[[ MATERIAL FOR THE TASK open ]]
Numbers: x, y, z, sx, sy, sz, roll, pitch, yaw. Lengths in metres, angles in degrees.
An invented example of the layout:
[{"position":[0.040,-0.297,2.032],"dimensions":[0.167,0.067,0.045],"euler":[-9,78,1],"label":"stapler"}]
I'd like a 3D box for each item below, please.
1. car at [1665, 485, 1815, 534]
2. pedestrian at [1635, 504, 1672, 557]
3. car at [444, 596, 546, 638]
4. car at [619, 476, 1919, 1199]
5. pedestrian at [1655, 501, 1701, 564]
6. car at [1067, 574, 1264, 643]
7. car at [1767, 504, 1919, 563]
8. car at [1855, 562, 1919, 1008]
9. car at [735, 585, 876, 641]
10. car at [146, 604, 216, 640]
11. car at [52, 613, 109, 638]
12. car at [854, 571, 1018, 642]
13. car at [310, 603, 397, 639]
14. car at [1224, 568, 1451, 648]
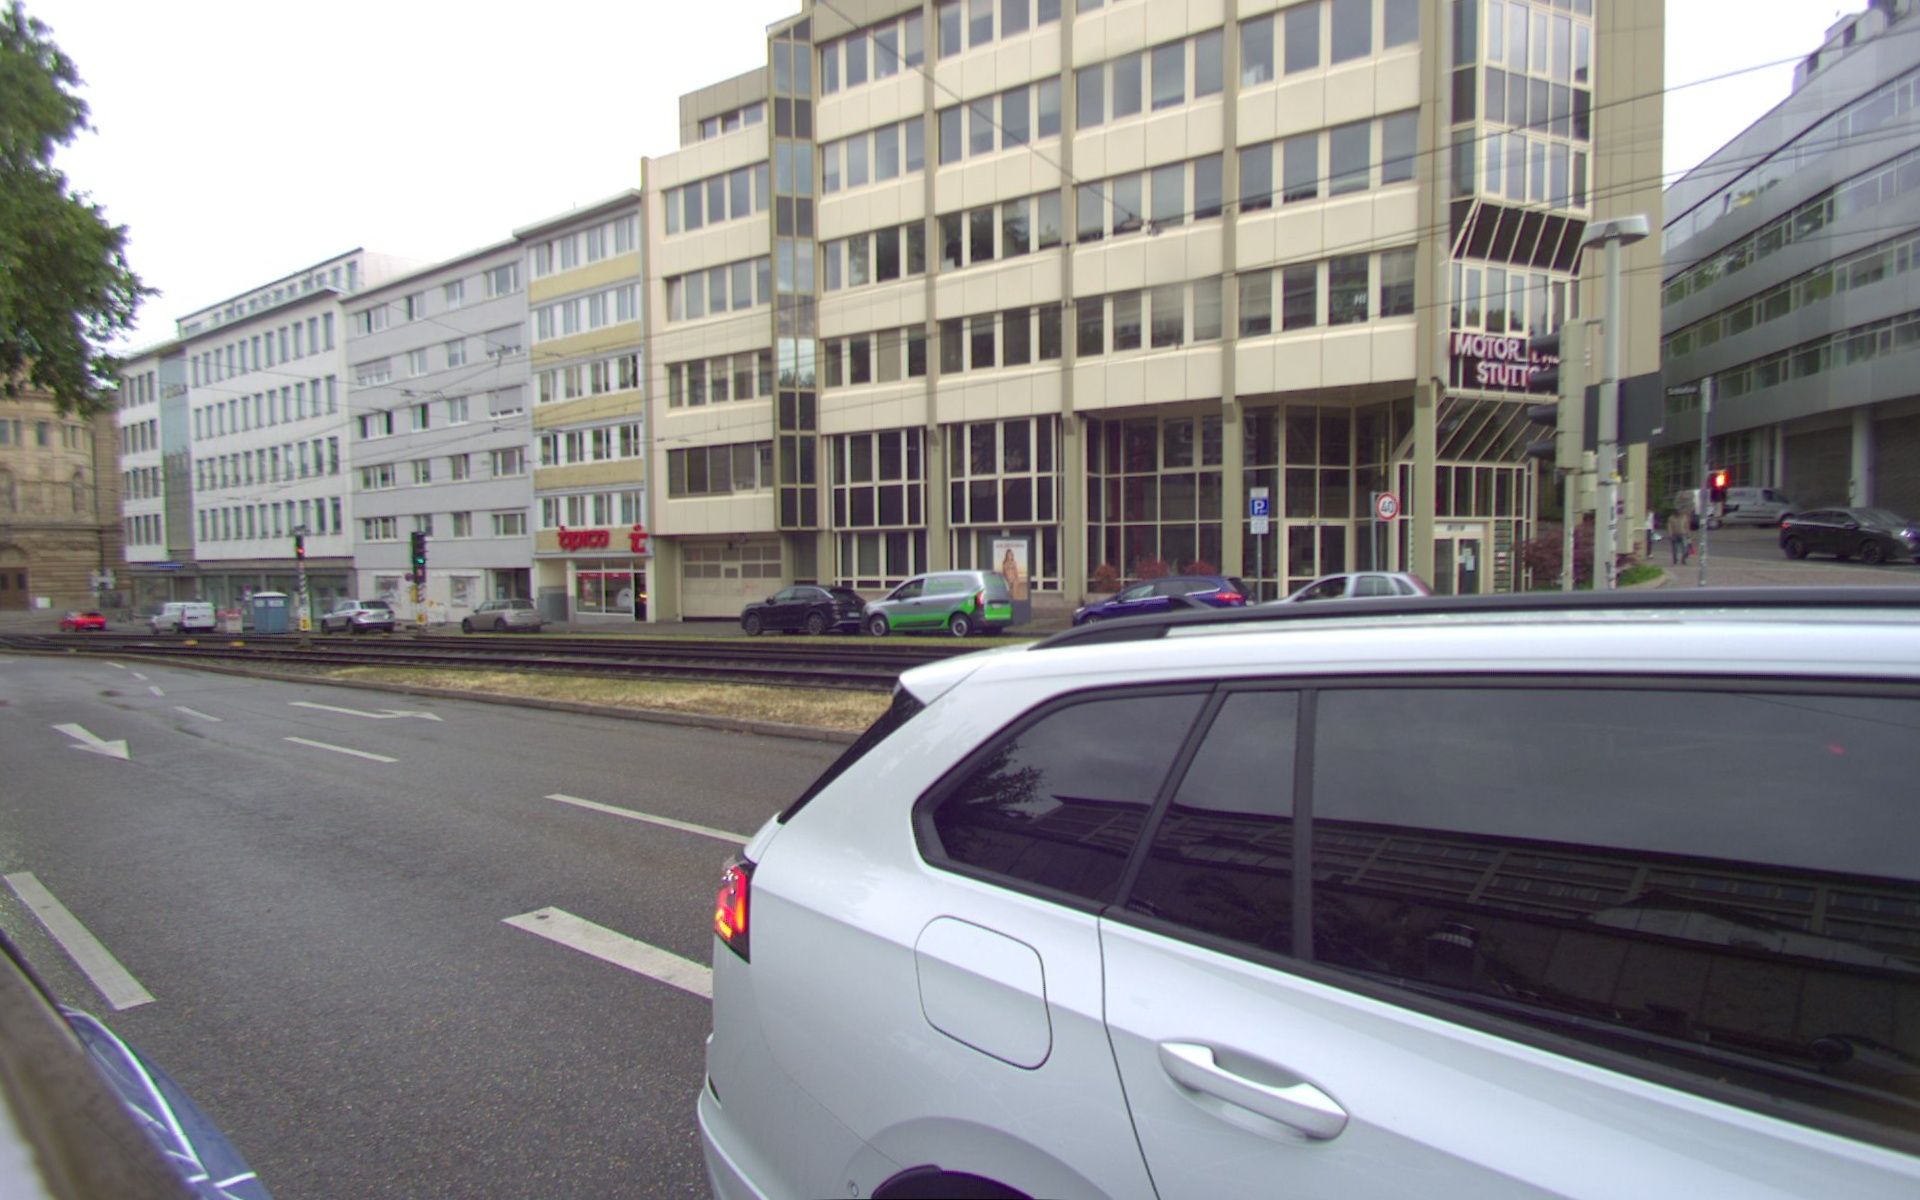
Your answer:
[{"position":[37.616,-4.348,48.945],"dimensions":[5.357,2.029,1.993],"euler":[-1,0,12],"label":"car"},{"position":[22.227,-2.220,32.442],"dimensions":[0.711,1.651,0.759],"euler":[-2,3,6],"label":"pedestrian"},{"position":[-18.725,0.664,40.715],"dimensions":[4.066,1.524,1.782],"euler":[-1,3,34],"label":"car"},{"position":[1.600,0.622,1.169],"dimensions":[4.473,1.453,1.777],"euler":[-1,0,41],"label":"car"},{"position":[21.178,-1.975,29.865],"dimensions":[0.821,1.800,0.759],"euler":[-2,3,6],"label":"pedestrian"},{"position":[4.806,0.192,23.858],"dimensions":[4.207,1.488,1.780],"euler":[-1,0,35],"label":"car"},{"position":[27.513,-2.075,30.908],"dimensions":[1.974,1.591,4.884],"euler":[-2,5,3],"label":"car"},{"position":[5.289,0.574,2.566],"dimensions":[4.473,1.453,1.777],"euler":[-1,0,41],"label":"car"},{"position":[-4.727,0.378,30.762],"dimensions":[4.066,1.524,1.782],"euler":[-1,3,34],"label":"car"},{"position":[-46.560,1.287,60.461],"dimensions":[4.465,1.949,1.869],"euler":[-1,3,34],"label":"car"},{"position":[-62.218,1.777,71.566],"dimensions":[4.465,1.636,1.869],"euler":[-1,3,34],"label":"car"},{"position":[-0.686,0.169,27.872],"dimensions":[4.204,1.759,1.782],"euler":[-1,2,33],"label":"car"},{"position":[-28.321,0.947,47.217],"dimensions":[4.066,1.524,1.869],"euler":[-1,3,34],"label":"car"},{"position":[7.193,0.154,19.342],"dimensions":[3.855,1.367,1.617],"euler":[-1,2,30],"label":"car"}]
[[ MATERIAL FOR THE TASK closed ]]
[[ MATERIAL FOR THE TASK open ]]
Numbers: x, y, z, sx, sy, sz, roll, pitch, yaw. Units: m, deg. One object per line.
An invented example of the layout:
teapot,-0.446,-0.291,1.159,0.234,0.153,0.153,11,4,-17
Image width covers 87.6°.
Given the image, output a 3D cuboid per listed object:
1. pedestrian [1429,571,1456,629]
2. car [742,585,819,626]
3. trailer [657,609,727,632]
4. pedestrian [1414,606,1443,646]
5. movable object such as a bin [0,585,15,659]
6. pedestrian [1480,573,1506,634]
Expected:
[[ MATERIAL FOR THE TASK closed ]]
■ **WHAT TO DO**
Since only part of the listing is wanted, copy exactly the lines from the one holding "Numbers: x, y, z, sx, sy, sz, roll, pitch, yaw. Lengths" to the one holding "14. car at [1224, 568, 1451, 648]", both included.

■ **ANSWER SPACE**
Numbers: x, y, z, sx, sy, sz, roll, pitch, yaw. Lengths in metres, angles in degrees.
An invented example of the layout:
[{"position":[0.040,-0.297,2.032],"dimensions":[0.167,0.067,0.045],"euler":[-9,78,1],"label":"stapler"}]
I'd like a 3D box for each item below, please.
1. car at [1665, 485, 1815, 534]
2. pedestrian at [1635, 504, 1672, 557]
3. car at [444, 596, 546, 638]
4. car at [619, 476, 1919, 1199]
5. pedestrian at [1655, 501, 1701, 564]
6. car at [1067, 574, 1264, 643]
7. car at [1767, 504, 1919, 563]
8. car at [1855, 562, 1919, 1008]
9. car at [735, 585, 876, 641]
10. car at [146, 604, 216, 640]
11. car at [52, 613, 109, 638]
12. car at [854, 571, 1018, 642]
13. car at [310, 603, 397, 639]
14. car at [1224, 568, 1451, 648]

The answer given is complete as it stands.